Home Cosmetic Science Talk Formulating Understanding pH Buffers & pH Adjustments in Skin Care Formulations

  • Understanding pH Buffers & pH Adjustments in Skin Care Formulations

    Posted by JSharp93 on April 29, 2020 at 12:53 pm

    Hello Everone,

    I trust you are all well and keeping safe during these uncertain times.

    Having had more spare time on my hand I have decided to revisit my old notes taken during my Cosmetic Science Diploma, in the attempt to better understand cosmetic formulation.

    I am trying to understand how to go about stabilising the pH of a skin care formulation.
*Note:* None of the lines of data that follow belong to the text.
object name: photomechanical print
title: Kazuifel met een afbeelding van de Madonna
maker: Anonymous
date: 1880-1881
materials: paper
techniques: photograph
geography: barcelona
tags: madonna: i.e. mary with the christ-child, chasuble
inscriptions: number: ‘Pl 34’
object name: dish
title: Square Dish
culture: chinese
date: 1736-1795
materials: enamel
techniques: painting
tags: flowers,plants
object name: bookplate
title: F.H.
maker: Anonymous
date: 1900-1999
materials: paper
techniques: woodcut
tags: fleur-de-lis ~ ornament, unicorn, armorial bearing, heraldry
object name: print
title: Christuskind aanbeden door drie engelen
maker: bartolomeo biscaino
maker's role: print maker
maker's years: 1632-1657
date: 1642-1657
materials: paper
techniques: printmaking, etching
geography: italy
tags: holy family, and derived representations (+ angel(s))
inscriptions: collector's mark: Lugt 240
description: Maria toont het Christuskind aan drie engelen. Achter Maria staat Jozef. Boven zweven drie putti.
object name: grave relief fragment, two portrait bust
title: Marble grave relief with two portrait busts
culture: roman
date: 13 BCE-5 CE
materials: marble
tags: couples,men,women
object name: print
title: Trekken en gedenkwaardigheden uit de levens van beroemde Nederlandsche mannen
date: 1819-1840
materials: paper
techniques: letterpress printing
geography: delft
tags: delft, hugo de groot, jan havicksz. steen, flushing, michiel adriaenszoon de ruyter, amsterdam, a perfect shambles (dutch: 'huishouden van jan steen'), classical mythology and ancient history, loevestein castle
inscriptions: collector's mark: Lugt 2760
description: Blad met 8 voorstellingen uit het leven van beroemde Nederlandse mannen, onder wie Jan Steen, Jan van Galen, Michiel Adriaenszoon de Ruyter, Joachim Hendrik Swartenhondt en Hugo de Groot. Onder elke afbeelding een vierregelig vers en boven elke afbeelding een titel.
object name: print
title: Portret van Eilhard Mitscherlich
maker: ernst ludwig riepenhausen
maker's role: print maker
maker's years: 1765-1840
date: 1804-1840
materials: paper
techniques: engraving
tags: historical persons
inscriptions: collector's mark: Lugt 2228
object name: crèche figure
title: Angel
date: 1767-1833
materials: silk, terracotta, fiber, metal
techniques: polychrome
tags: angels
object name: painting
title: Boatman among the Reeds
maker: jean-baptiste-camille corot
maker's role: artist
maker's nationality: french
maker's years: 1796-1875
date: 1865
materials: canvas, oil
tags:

From my old reference books I understand that one would use a pH Buffer to stabilise and maintain a products pH. These buffers consist of an acid such as Citric Acid and a corresponding base; in the case of Citric Acid you would use Sodium Citrate. My question is how, would you go about formulating with a buffer? Is there a set % you would require to use in order to have a obtain the desired pH? At what stage would you add the pH buffer?

    For example, if I was formulating a Toner product that requires a final pH of 5.5 how might I go about achieving this pH and how might I stabilise said pH?

    Apologies for all the questions but any help would be much appreciated.

    JSharp93 replied 3 years, 11 months ago 2 Members · 2 Replies
  • 2 Replies
  • EVchem

    April 29, 2020 at 5:56 pm

    There was a very recent post on this topic 

    Basically if you know what pH you want your formula to be you can select a buffer that has a range encompassing your selected pH. Citric acid should be fine for 5.5, and with a little base (sodium hydroxide would work well) you can create the sodium citrate in situ.  

    So make your toner and adjust pH at the end using a combination of your acid and base. You would then check the sample over a period of time to see if the buffer remains effective

  • JSharp93

    April 30, 2020 at 2:00 pm

    Thank you very much for your help EVchem.